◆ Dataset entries
+ + + +
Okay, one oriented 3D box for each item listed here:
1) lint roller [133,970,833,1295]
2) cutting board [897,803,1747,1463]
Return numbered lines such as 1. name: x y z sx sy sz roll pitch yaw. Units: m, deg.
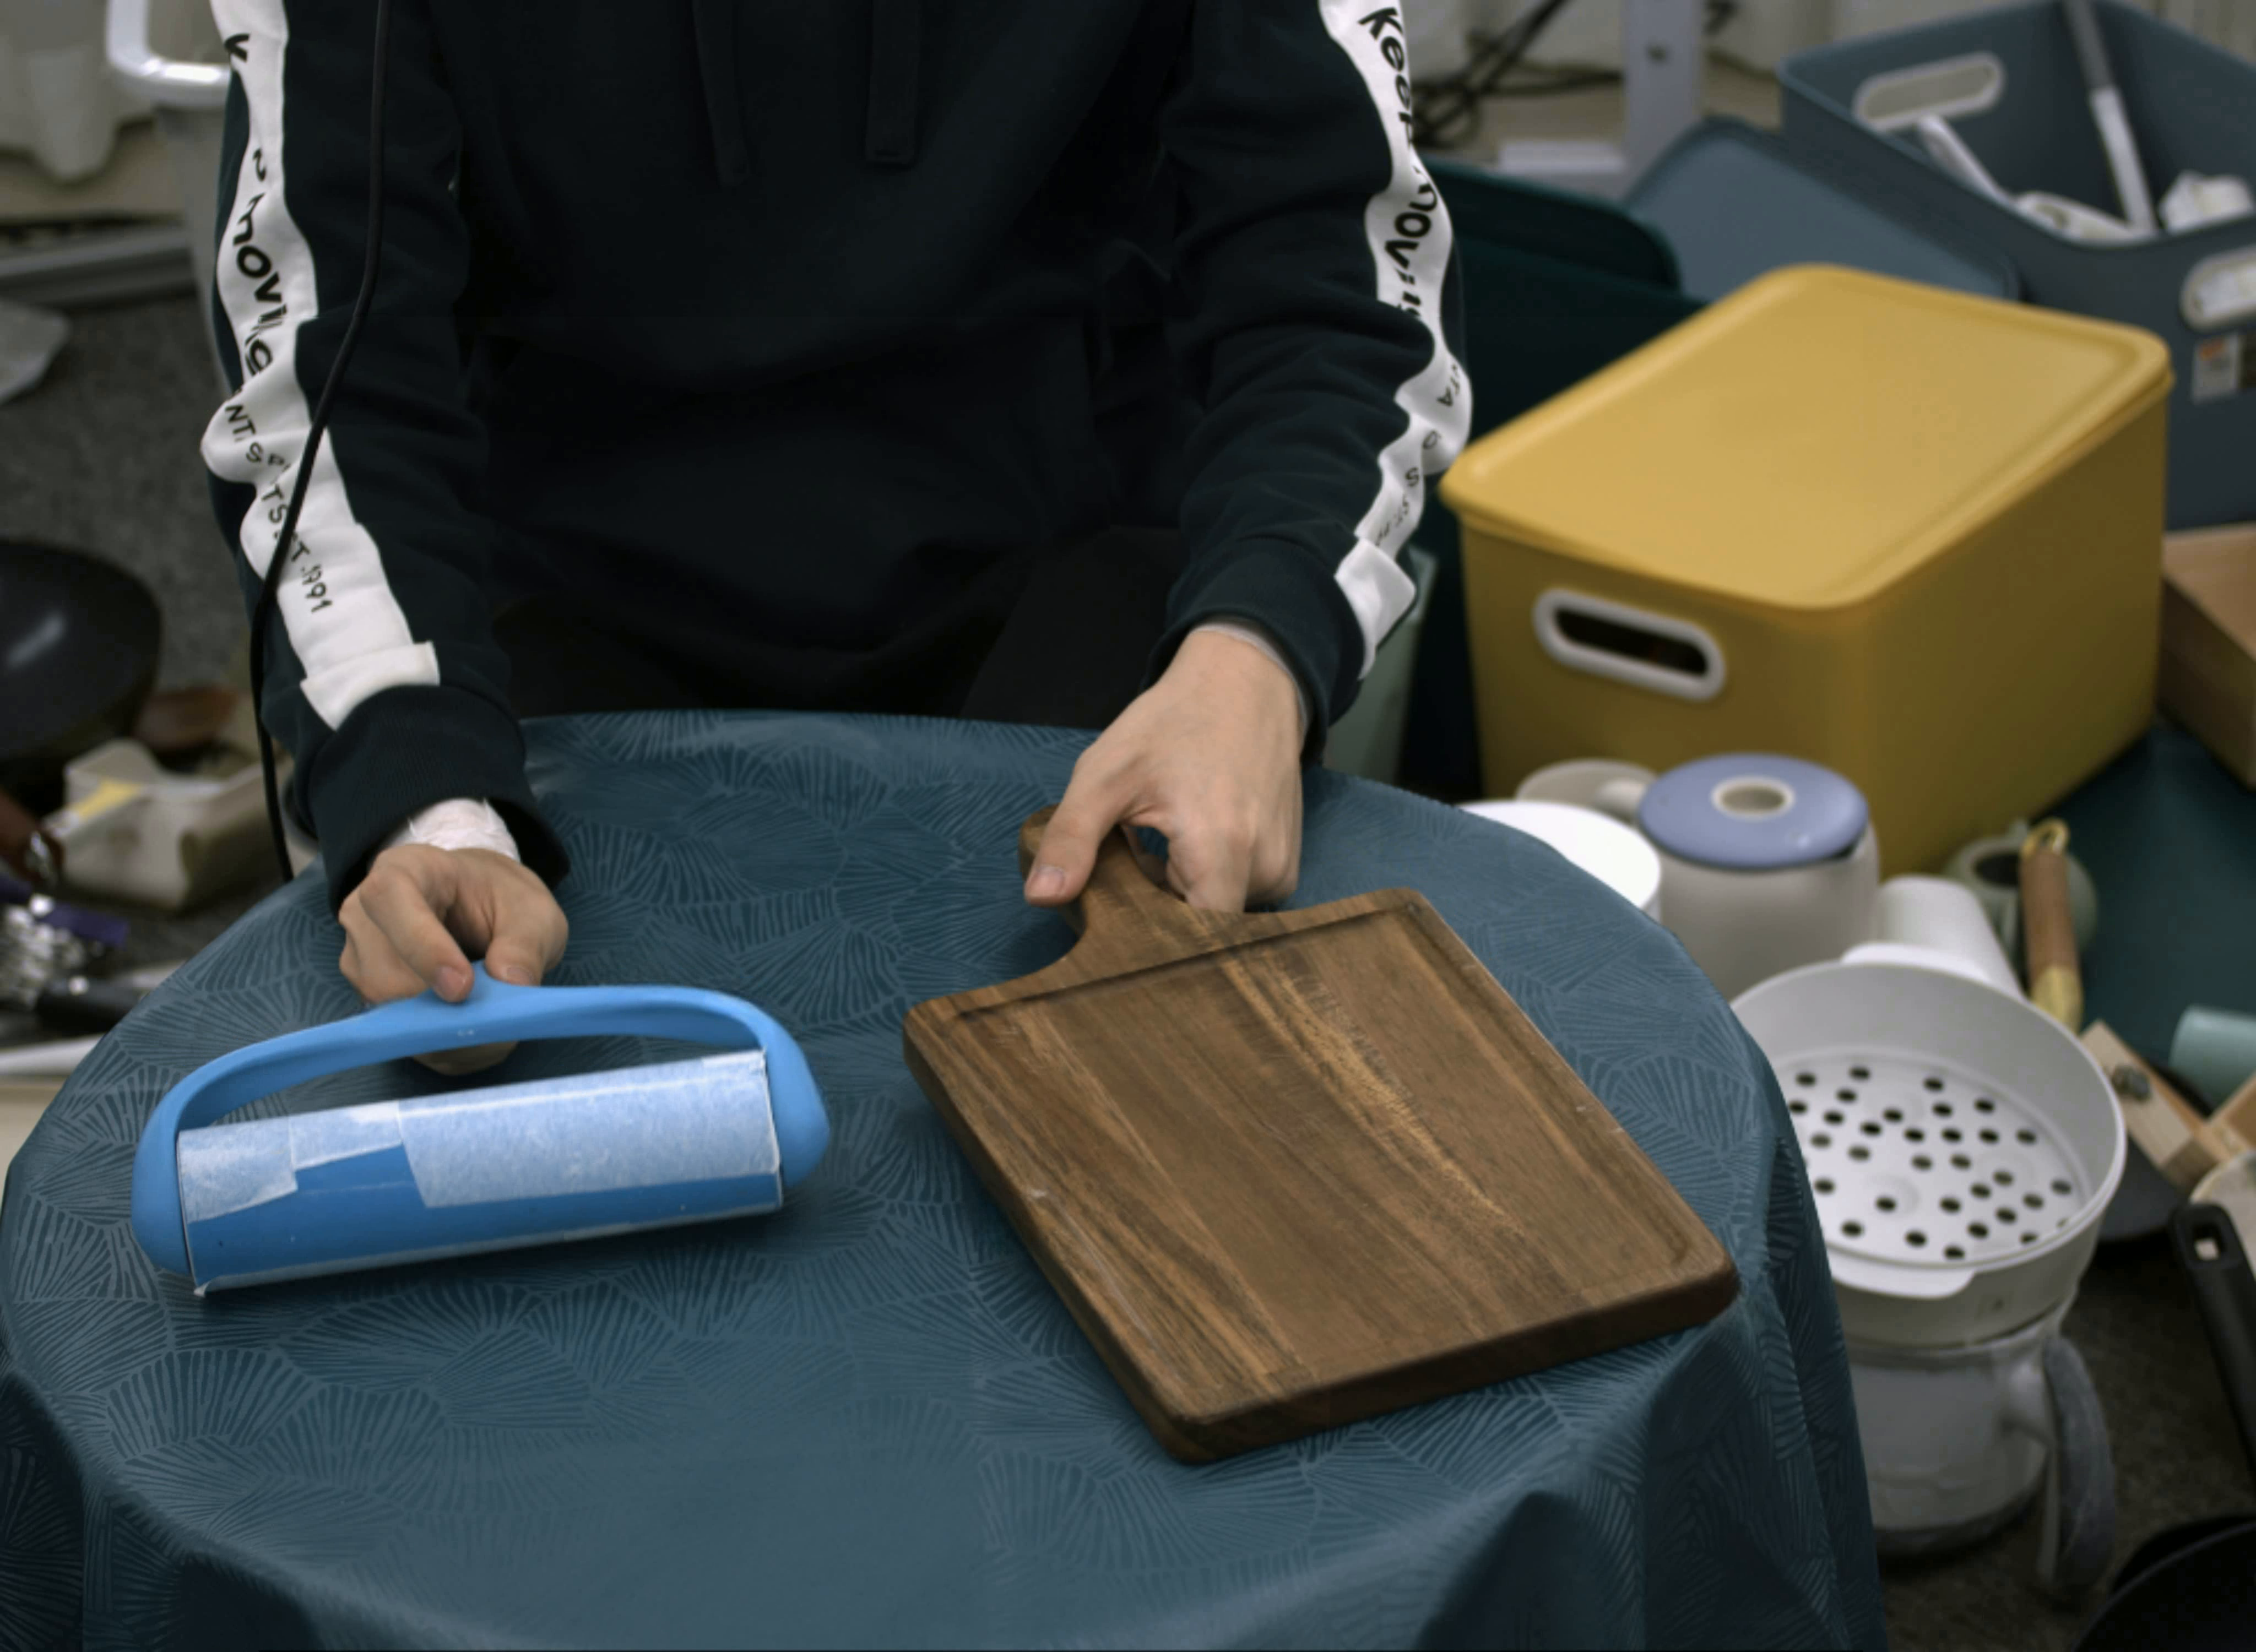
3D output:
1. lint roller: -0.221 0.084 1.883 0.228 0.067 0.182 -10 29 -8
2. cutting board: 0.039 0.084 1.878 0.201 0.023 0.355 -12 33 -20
+ + + +
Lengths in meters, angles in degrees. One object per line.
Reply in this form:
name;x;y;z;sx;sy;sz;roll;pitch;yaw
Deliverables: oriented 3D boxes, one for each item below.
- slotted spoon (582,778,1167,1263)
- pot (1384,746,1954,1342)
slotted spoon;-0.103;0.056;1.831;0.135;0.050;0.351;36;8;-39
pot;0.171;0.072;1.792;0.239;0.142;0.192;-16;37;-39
+ + + +
◆ Task objective
Across all the entries, how many lines include "item"? Answer with the number alone.

◆ Task result
2